AAN DE HOGE RAAD DER NEDERLANDEN
Naar aanleiding van uw brief van 12 februari 2015 heb ik de eer het volgende op te merken.
Als middel van cassatie draag ik voor:
Schending van het Nederlands recht, met name van de artikelen 15ae, tweede lid en 15ag, van de Wet op de vennootschapsbelasting 1969 (hierna: Wet Vpb 1969), in samenhang met de artikelen 15, zesde lid en 15ah, Wet Vpb 1969 doordat het Hof heeft beslist belanghebbende als voormalige moeder van de fiscale eenheid haar voorvoegingsverliezen mag verrekenen met van de ontbonden dochter overgenomen stille reserve (gebruik herinvesteringsreserve), zulks ten onrechte dan wel op gronden die de beslissing niet kunnen dragen.
Feitelijk kader
1.
Op 10 augustus 2006 koopt belanghebbende alle aandelen van [D] B.V. (hierna: [D]).
2.
Ten tijde van de aankoop van de aandelen zit er in [D] een herinvesteringsreserve van € 1.882.330.
3.
Vanaf 1 september 2006 vormt belanghebbende met [D] een fiscale eenheid.
4.
Belanghebbende beschikte ten tijde van het aangaan van de fiscale eenheid over voorvoegingsverliezen.
5.
Belanghebbende heeft als moeder van de fiscale eenheid op 6 maart 2008 een pand gekocht en op de kostprijs de herinvesteringsreserve ad € 1.882.330 van [D] afgeboekt.

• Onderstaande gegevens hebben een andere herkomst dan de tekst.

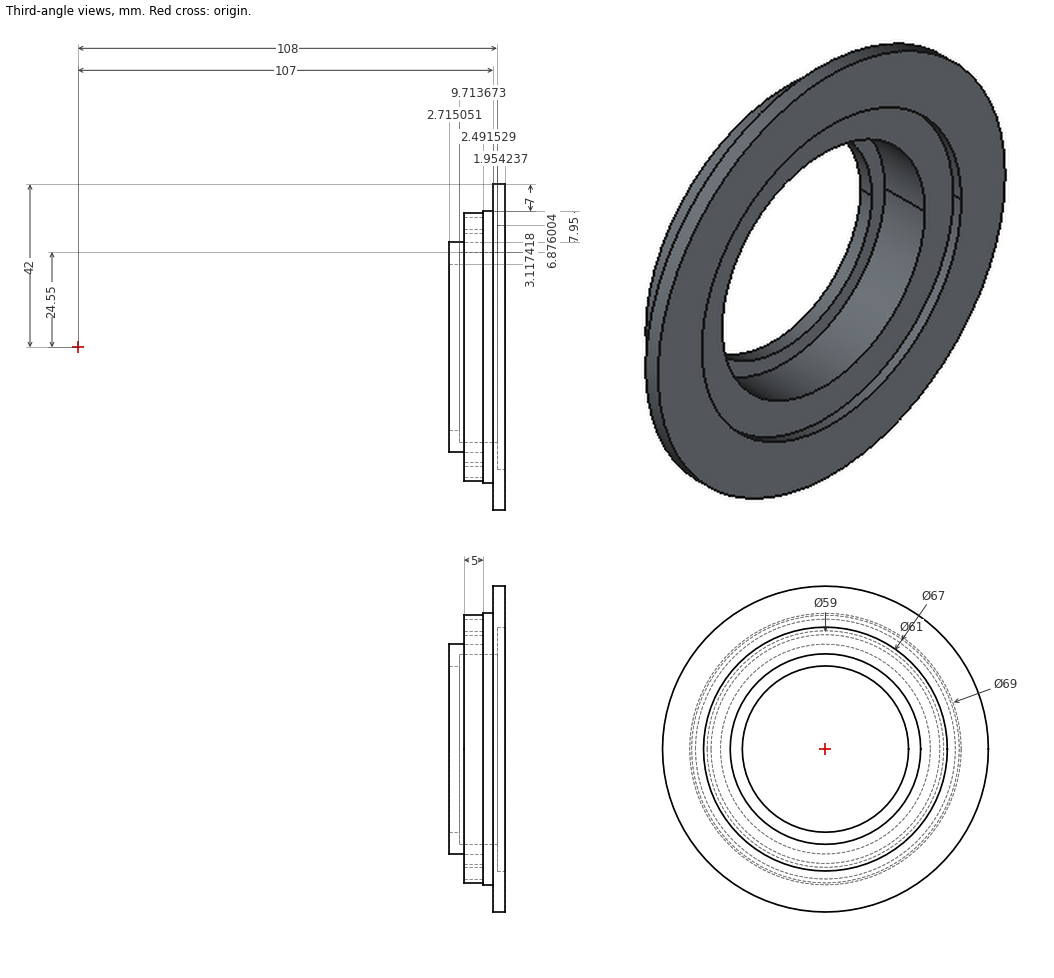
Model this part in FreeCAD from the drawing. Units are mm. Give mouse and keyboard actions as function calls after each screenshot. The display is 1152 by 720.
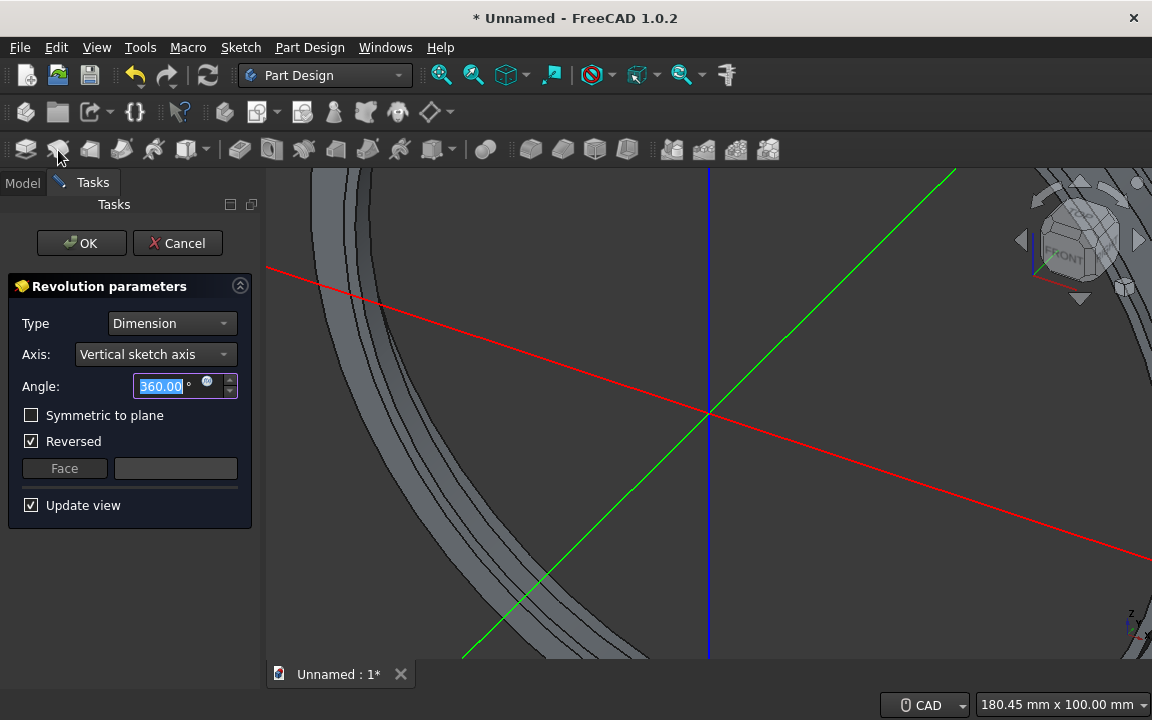
click(156, 354)
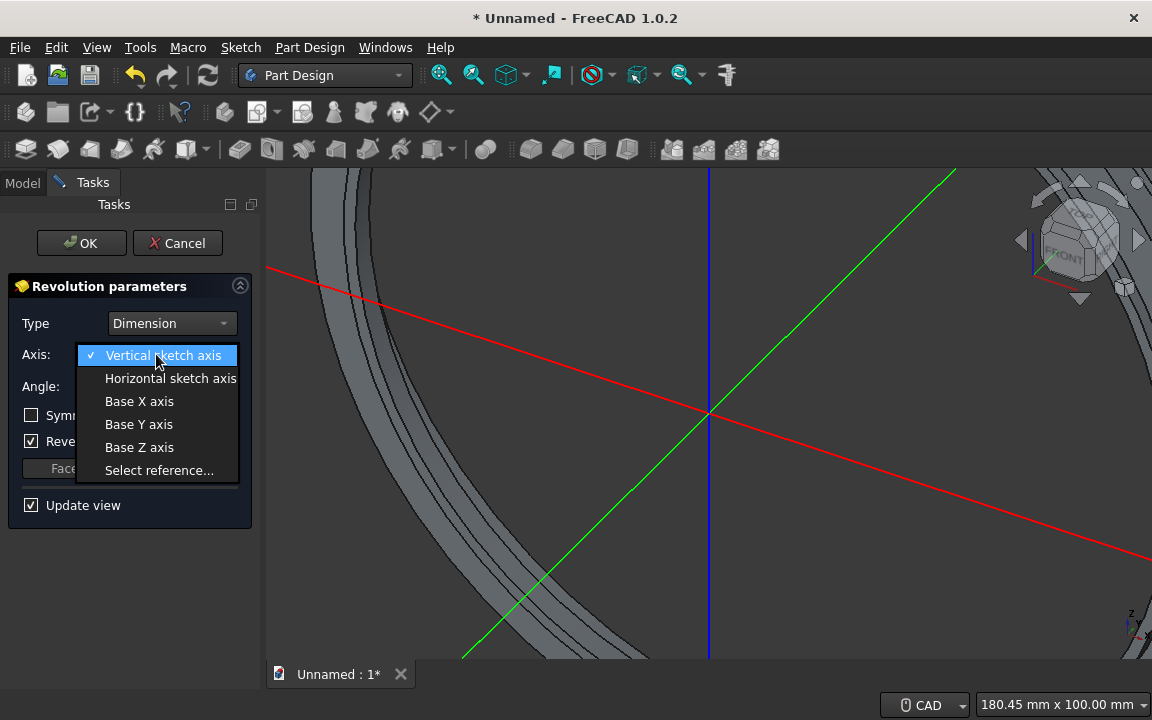
click(156, 378)
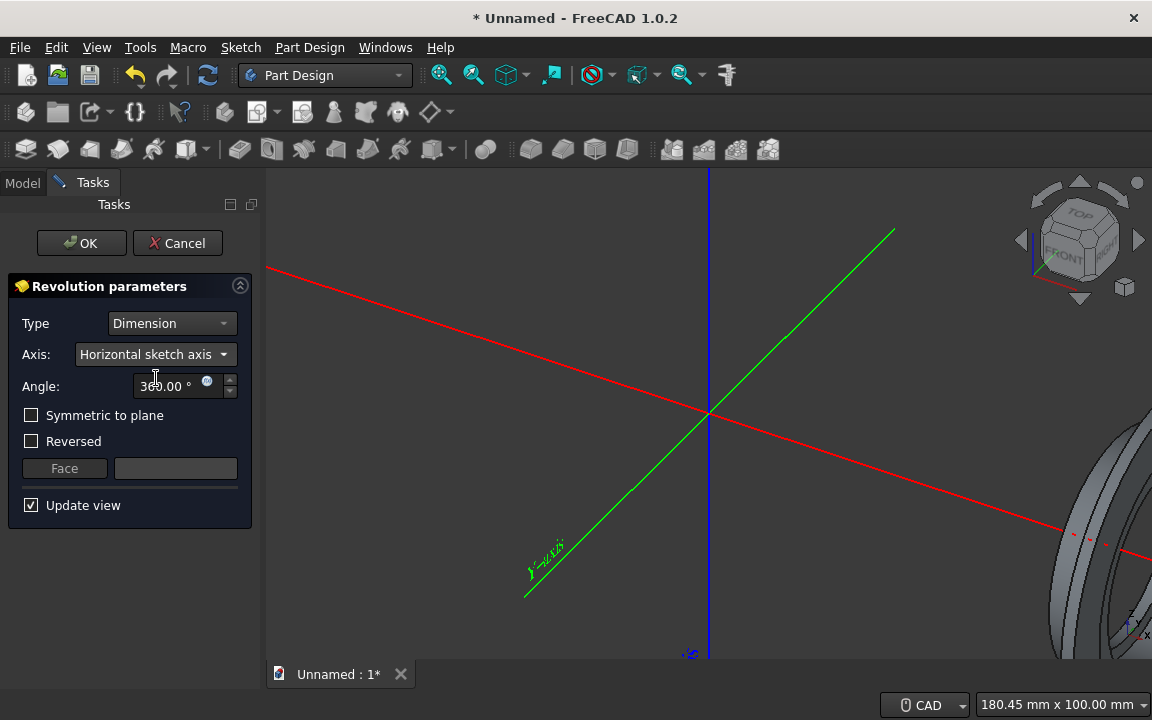
click(82, 243)

Op deze manier is binnen de fiscale eenheid een stille reserve verschoven van [D] naar belanghebbende.
6.
Op 14 oktober 2008 is besloten om [D] te ontbinden, wat op 23 december 2008 is gebeurd. Daarmee kwam een einde aan de fiscale eenheid tussen belanghebbende en [D].
7.
In geschil is of belanghebbende haar voorvoegingsverliezen mag verrekenen met de aan het op 6 maart 2008 gekochte pand toerekenbare winsten.
Toelichting op het middel
De rechtbank concludeert in onderdeel 15, eerste alinea dat letterlijke lezing van artikel 15ae Wet Vpb 1969 ertoe leidt dat dit artikel niet van toepassing is op de onderhavige situatie. In onderdeel 17 concludeert de rechtbank hetzelfde ten aanzien van artikel 15ag van de Wet Vpb 1969.

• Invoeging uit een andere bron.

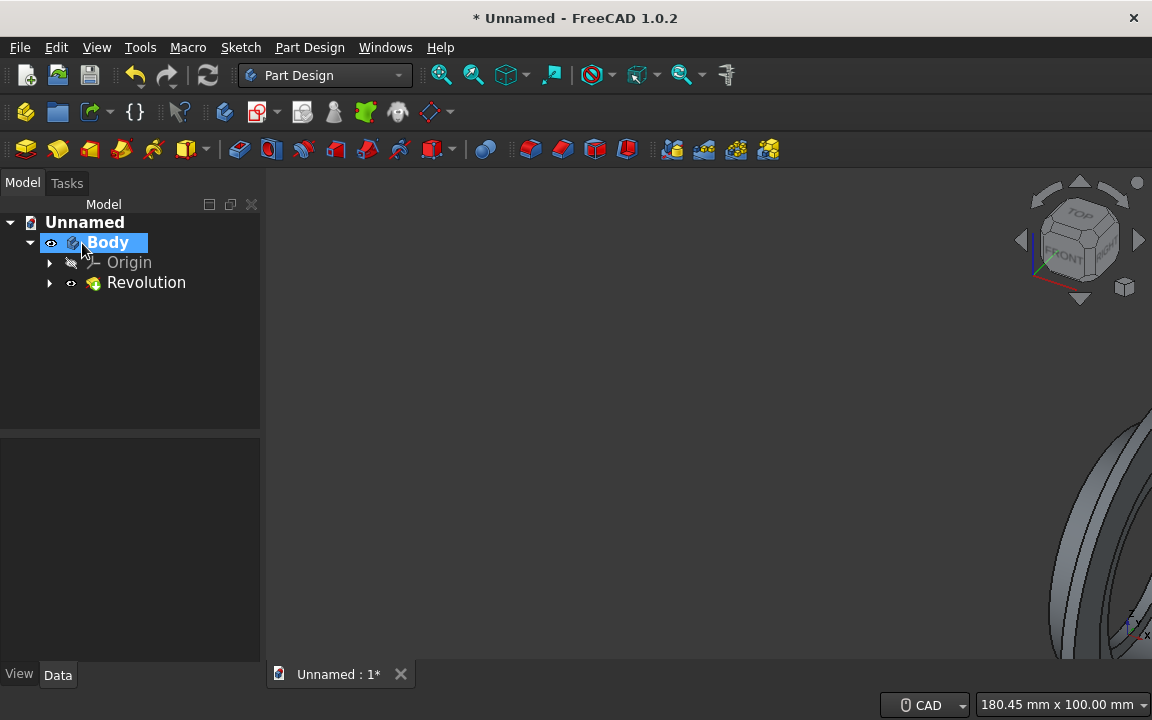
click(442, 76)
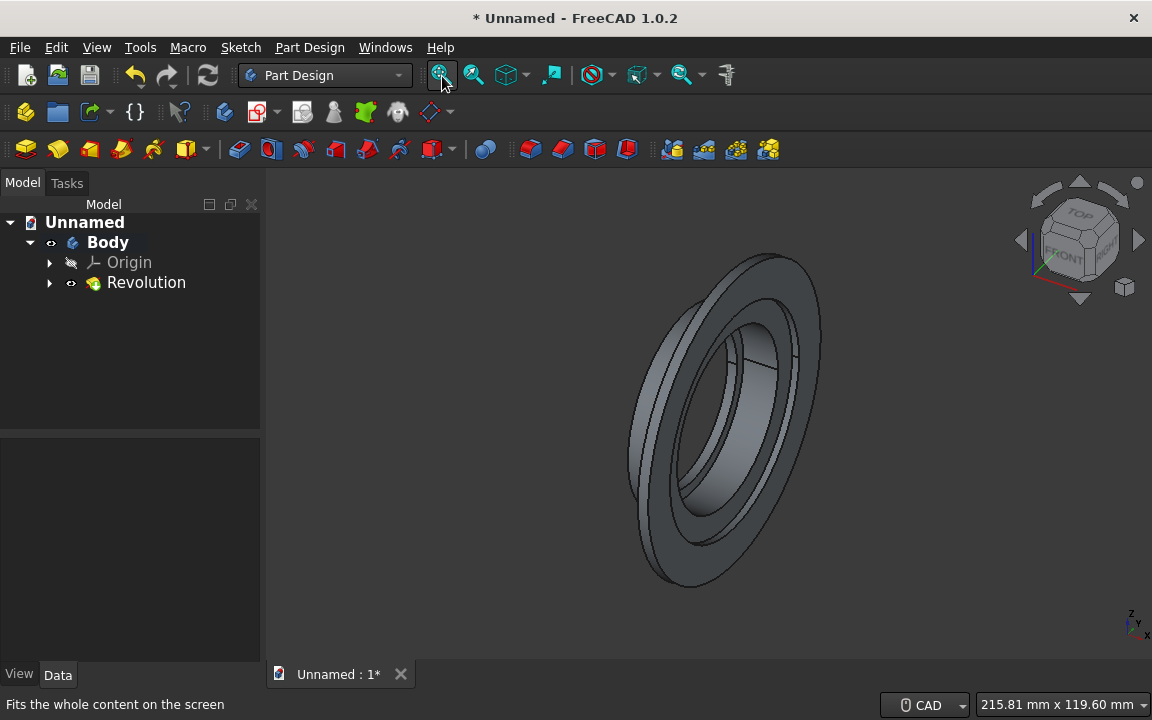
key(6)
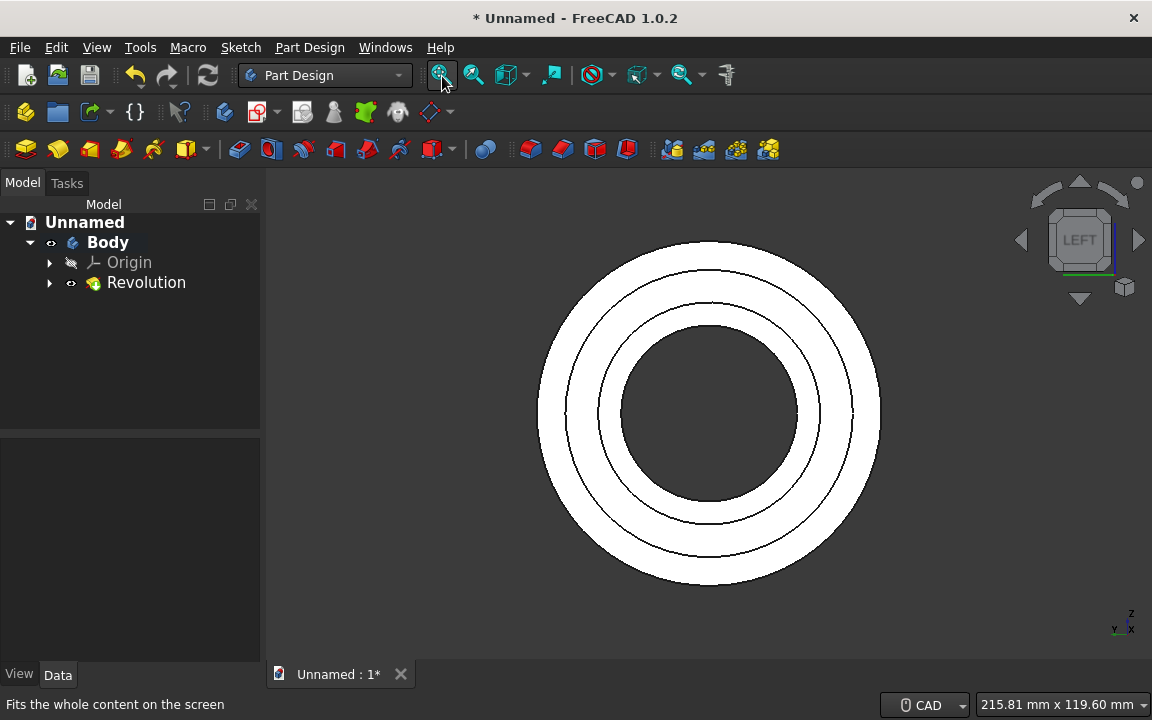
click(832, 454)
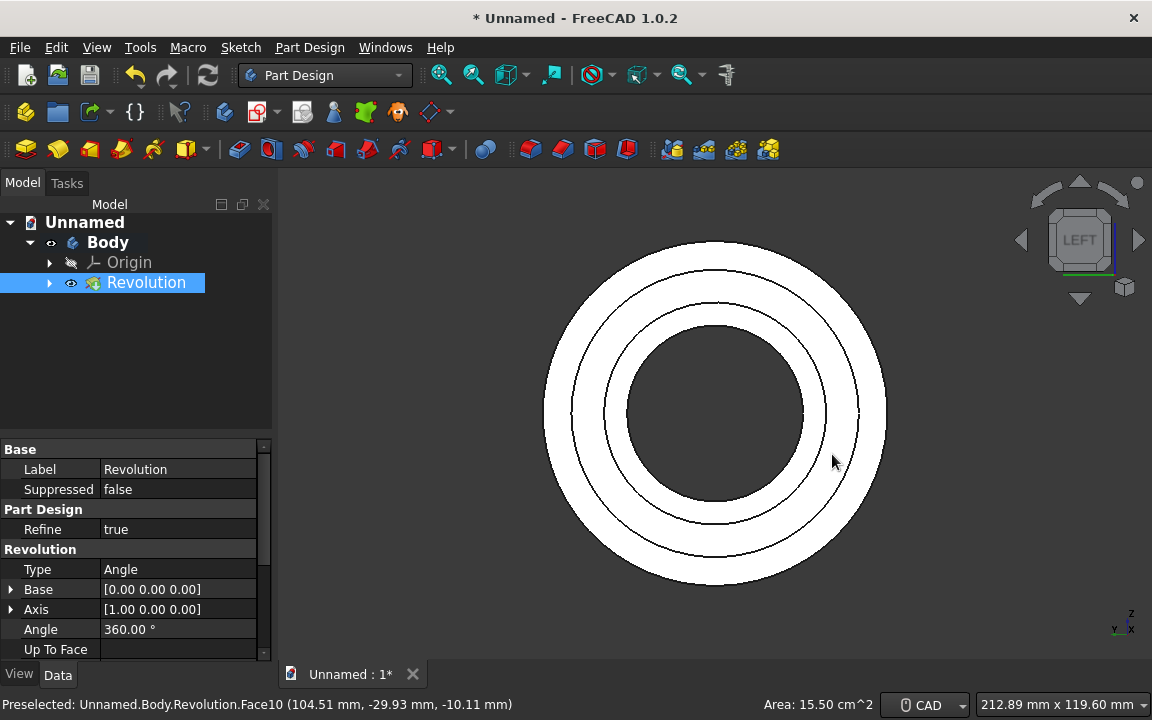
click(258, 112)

Een letterlijke lezing van de betreffende wetsartikelen kan leiden tot deze conclusie, doch het is ook mogelijk om de tekst anders te duiden. Zie in dit kader hetgeen de inspecteur in zijn verweerschrift (par. 7.3.1.1 e.v.) heeft aangevoerd. Daaruit volgt dat de tekst minder eenduidig is dan de rechtbank oordeelt. In zoverre had de rechtbank meer belang moeten hechten aan de context en de bedoeling van de bepalingen, zoals die naar voren komt in de wetsgeschiedenis.

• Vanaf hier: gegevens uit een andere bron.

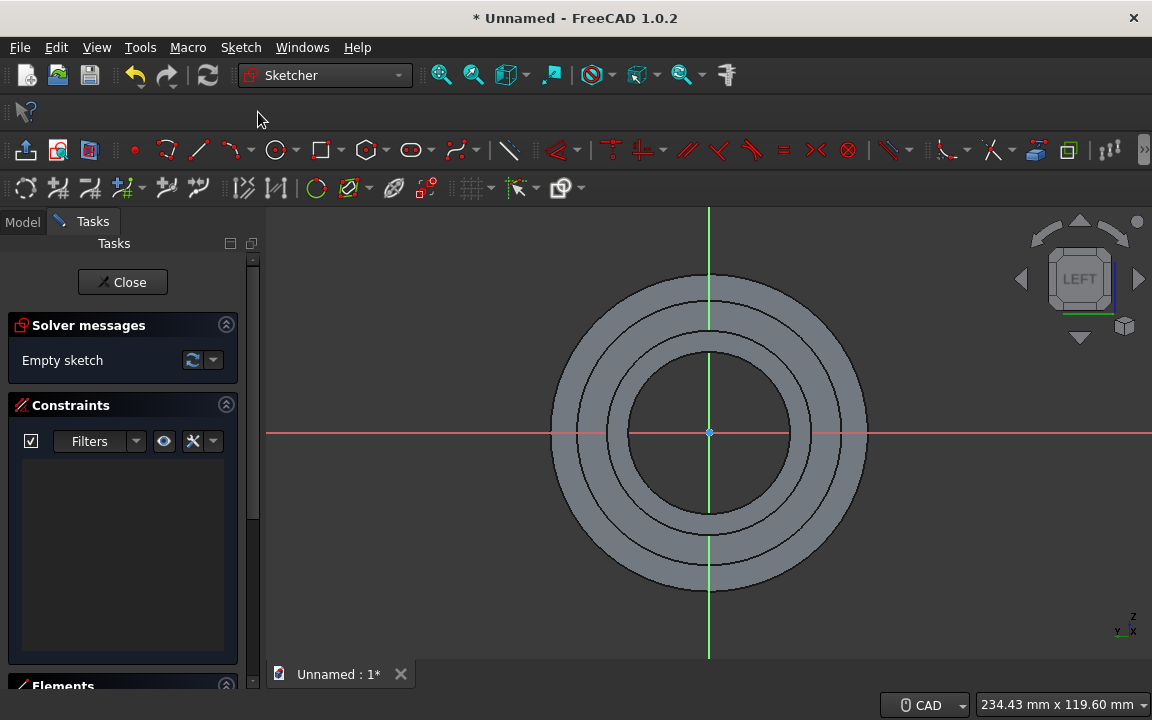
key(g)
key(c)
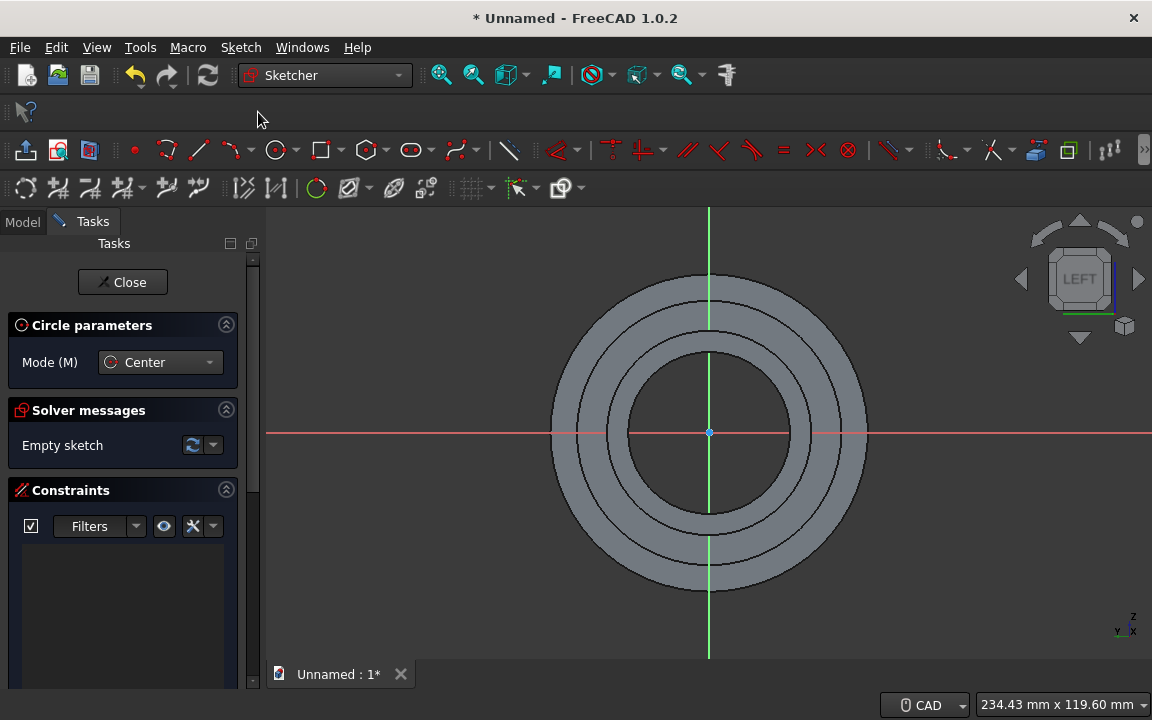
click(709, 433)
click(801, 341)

Daarbij dient bedacht te worden dat van de fiscale eenheidsregeling een begunstigende werking uitgaat en in zoverre de ratio ook op die grond dient te prevaleren boven de grammaticale interpretatie van de rechtbank.
Onbegrijpelijk acht ik derhalve het oordeel van de rechtbank dat geen beroep kan worden gedaan op doel en strekking van de regeling omdat de wetgever bewust zou hebben afgezien van een regeling voor de onderhavige situatie. Dit bewuste afzien van een dergelijke bepaling leidt de rechtbank af uit het niet volledig codificeren van de 14e standaardvoorwaarde en de definiëring van het begrip ‘ontvoegingstijdstip’ in artikel 15aa, eerste lid, onderdeel c, Wet Vpb 1969.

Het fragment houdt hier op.